- **Brief**:
Wherever a line in the data holds the word "Units", pull that line out.

- **Available data**:
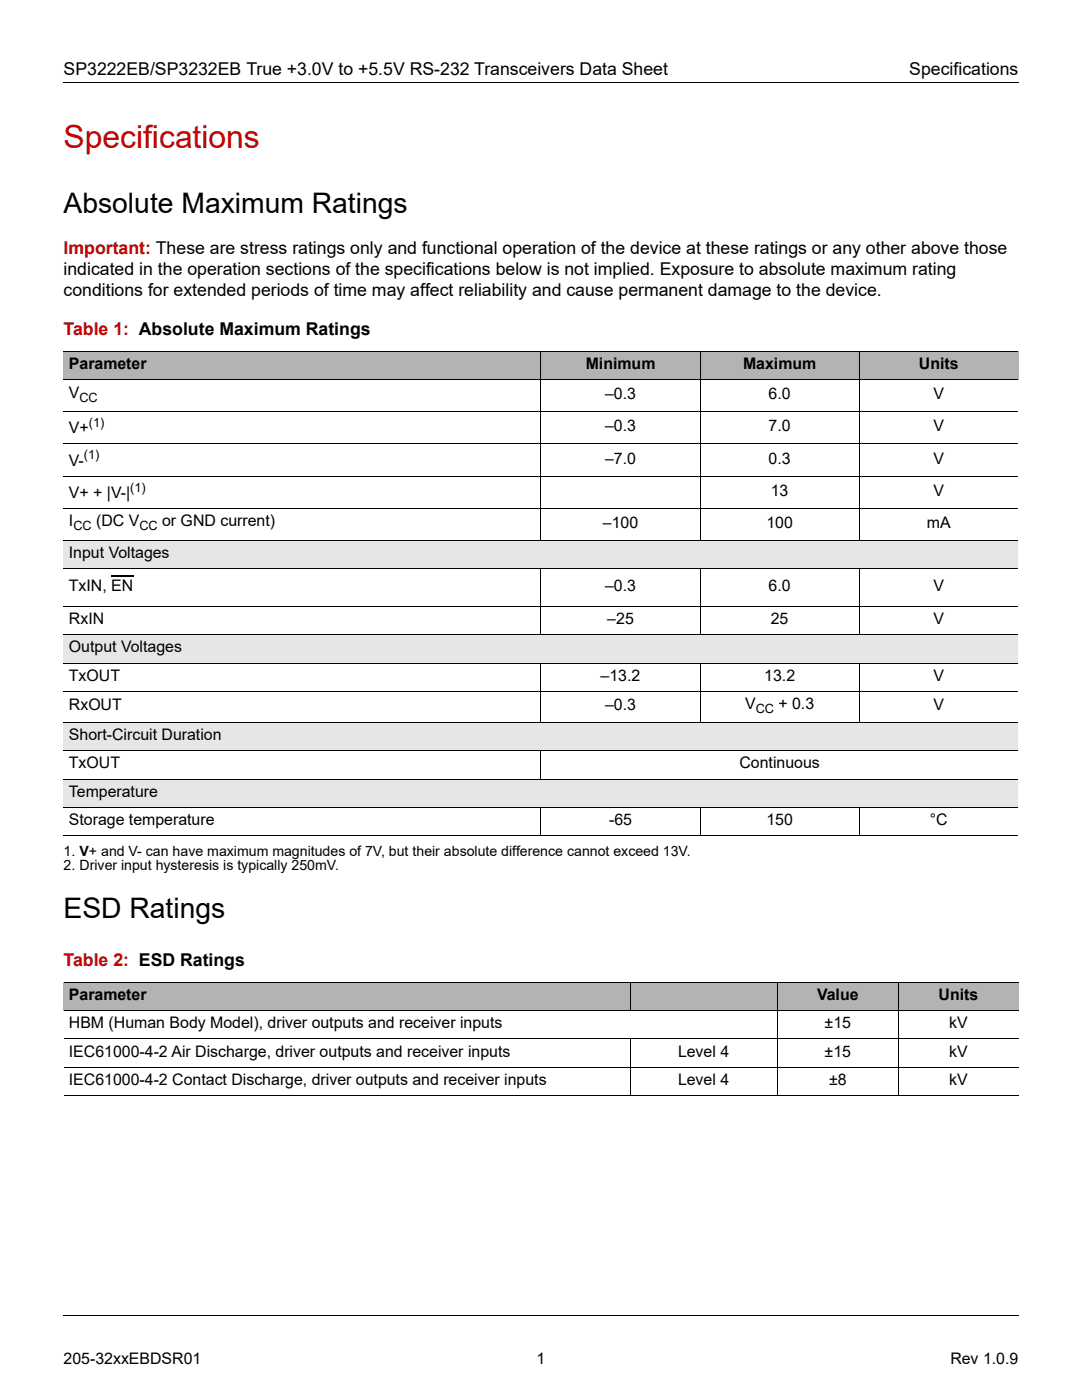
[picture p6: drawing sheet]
<svg xmlns="http://www.w3.org/2000/svg" width="216mm" height="279mm" viewBox="0 0 216 279" stroke-linecap="round" stroke-linejoin="round" font-family="sans-serif">
<defs><g id="words">
<text font-size="6.3" fill="#c00" x="12.7" y="29.6">Specifications</text>
<g font-size="5.6">
<text x="12.7" y="42.6">Absolute Maximum Ratings</text>
<text x="12.7" y="183.2">ESD Ratings</text>
</g>
<g font-size="3.5">
<text x="12.7" y="15">SP3222EB/SP3232EB True +3.0V to +5.5V RS-232 Transceivers Data Sheet</text>
<text x="181.4" y="15">Specifications</text>
<text x="12.7" y="54.9">indicated in the operation sections of the specifications below is not implied. Exposure to absolute maximum rating</text>
<text x="12.7" y="59.1">conditions for extended periods of time may affect reliability and cause permanent damage to the device.</text>
</g>
<g font-size="3.5" fill="#c00">
<text x="12.7" y="50.7">Important: These are stress ratings only and functional operation of the device at these ratings or any other above those</text>
<text x="12.7" y="66.9">Table 1: Absolute Maximum Ratings</text>
<text x="12.7" y="192.8">Table 2: ESD Ratings</text>
</g>
<g font-size="3.2">
<text x="13.8" y="73.7">Parameter</text>
<text x="116.9" y="73.7">Minimum</text>
<text x="148.3" y="73.7">Maximum</text>
<text x="183.4" y="73.7">Units</text>
<text x="13.8" y="79.4">V</text>
<text x="120.7" y="79.7">–0.3</text>
<text x="153.4" y="79.7">6.0</text>
<text x="186.3" y="79.7">V</text>
<text x="13.8" y="86.4">V+</text>
<text x="120.7" y="86">–0.3</text>
<text x="153.4" y="86">7.0</text>
<text x="186.3" y="86">V</text>
<text x="13.8" y="92.9">V-</text>
<text x="120.7" y="92.5">–7.0</text>
<text x="153.4" y="92.5">0.3</text>
<text x="186.3" y="92.5">V</text>
<text x="13.8" y="99.4">V+ + |V-|</text>
<text x="153.8" y="99">13</text>
<text x="186.3" y="99">V</text>
<text x="13.8" y="105.1">I</text>
<text x="19.2" y="105.1">(DC V</text>
<text x="32.3" y="105.1">or GND current)</text>
<text x="120.3" y="105.4">–100</text>
<text x="152.9" y="105.4">100</text>
<text x="184.9" y="105.4">mA</text>
<text x="13.8" y="111.3">Input Voltages</text>
<text x="13.8" y="117.9">TxIN, EN</text>
<text x="120.7" y="117.9">–0.3</text>
<text x="153.4" y="117.9">6.0</text>
<text x="186.3" y="117.9">V</text>
<text x="13.8" y="124.6">RxIN</text>
<text x="121.2" y="124.6">–25</text>
<text x="153.8" y="124.6">25</text>
<text x="186.3" y="124.6">V</text>
<text x="13.8" y="130.2">Output Voltages</text>
<text x="13.8" y="135.8">TxOUT</text>
<text x="119.9" y="135.8">–13.2</text>
<text x="152.5" y="135.8">13.2</text>
<text x="186.3" y="135.8">V</text>
<text x="13.8" y="141.8">RxOUT</text>
<text x="120.7" y="141.8">–0.3</text>
<text x="148.7" y="141.5">V</text>
<text x="155.3" y="141.5">+ 0.3</text>
<text x="186.3" y="141.8">V</text>
<text x="13.8" y="147.7">Short-Circuit Duration</text>
<text x="13.8" y="153.4">TxOUT</text>
<text x="147.6" y="153.4">Continuous</text>
<text x="13.8" y="159">Temperature</text>
<text x="13.8" y="164.7">Storage temperature</text>
<text x="121.5" y="164.7">-65</text>
<text x="152.9" y="164.7">150</text>
<text x="185.5" y="164.7">°C</text>
<text x="13.8" y="199.6">Parameter</text>
<text x="163" y="199.6">Value</text>
<text x="187.3" y="199.6">Units</text>
<text x="13.8" y="205.2">HBM (Human Body Model), driver outputs and receiver inputs</text>
<text x="164.6" y="205.2">±15</text>
<text x="189.4" y="205.2">kV</text>
<text x="13.8" y="210.9">IEC61000-4-2 Air Discharge, driver outputs and receiver inputs</text>
<text x="135.3" y="210.9">Level 4</text>
<text x="164.6" y="210.9">±15</text>
<text x="189.4" y="210.9">kV</text>
<text x="13.8" y="216.5">IEC61000-4-2 Contact Discharge, driver outputs and receiver inputs</text>
<text x="135.3" y="216.5">Level 4</text>
<text x="165.4" y="216.5">±8</text>
<text x="189.4" y="216.5">kV</text>
<text x="12.7" y="272.2">205-32xxEBDSR01</text>
<text x="107.1" y="272.2">1</text>
<text x="189.6" y="272.2">Rev 1.0.9</text>
</g>
<g font-size="2.8">
<text x="12.7" y="170.8">1. V+ and V- can have maximum magnitudes of 7V, but their absolute difference cannot exceed 13V.</text>
<text x="12.7" y="173.6">2. Driver input hysteresis is typically 250mV.</text>
</g>
<g font-size="2.5">
<text x="15.9" y="80.2">CC</text>
<text x="17.7" y="85.2">(1)</text>
<text x="16.8" y="91.7">(1)</text>
<text x="26" y="98.2">(1)</text>
<text x="14.6" y="105.9">CC</text>
<text x="27.8" y="105.9">CC</text>
<text x="150.8" y="142.3">CC</text>
</g>
</g></defs>
<path d="M12.7 16.4h190.5M12.7 262.5h190.5" fill="none" stroke="#000" stroke-width=".2"/>
<g fill="#b3b3b3">
<path d="M12.7 70.2h95.2v5.6h-95.2z"/>
<path d="M107.9 70.2h31.8v5.6h-31.8z"/>
<path d="M139.7 70.2h31.7v5.6h-31.7z"/>
<path d="M171.4 70.2h31.8v5.6h-31.8z"/>
</g>
<path d="M12.7 107.8h190.5v5.6h-190.5z" fill="#e6e6e6"/>
<path d="M22.2 114.9h4.4" fill="none" stroke="#000" stroke-width=".23"/>
<g fill="#e6e6e6">
<path d="M12.7 126.7h190.5v5.6h-190.5z"/>
<path d="M12.7 144.2h190.5v5.6h-190.5z"/>
<path d="M12.7 155.5h190.5v5.6h-190.5z"/>
</g>
<g fill="#b3b3b3">
<path d="M12.7 196.1h113v5.6h-113z"/>
<path d="M125.7 196.1h29.4v5.6h-29.4z"/>
<path d="M155.1 196.1h24.2v5.6h-24.2z"/>
<path d="M179.3 196.1h23.9v5.6h-23.9z"/>
</g>
<g fill="none" stroke="#000" stroke-width=".2">
<path d="M12.7 70.2h190.5M12.7 75.8h190.5M107.9 70.1v37.7M139.7 70.1v37.7M171.4 70.1v37.7M12.7 82.1h190.5M12.7 88.6h190.5M12.7 95.1h190.5M12.7 101.5h190.5M12.7 107.8h190.5M12.7 113.4h190.5M107.9 113.4v13.3"/>
<path d="M139.7 113.4v13.3M171.4 113.4v13.3M12.7 121h190.5M12.7 126.7h190.5M12.7 132.3h190.5M12.7 138h190.5M107.9 132.3v11.9M139.7 132.3v11.9M171.4 132.3v11.9M12.7 144.2h190.5M12.7 149.8h190.5M12.7 155.5h190.5"/>
<path d="M107.9 149.8v5.7M12.7 161.1h190.5M12.7 166.8h190.5M107.9 161.1v5.7M139.7 161.1v5.7M171.4 161.1v5.7M12.7 196.1h190.5M125.7 196v5.7M155.1 196v22.7M179.3 196v22.7M12.7 201.7h190.5M12.7 207.3h190.5"/>
<path d="M12.7 213h190.5M12.7 218.6h190.5M125.7 207.3v11.4"/>
</g>
<use href="#words"/>
</svg>

- **Response to this task**:
<text x="183.4" y="73.7">Units</text>
<text x="187.3" y="199.6">Units</text>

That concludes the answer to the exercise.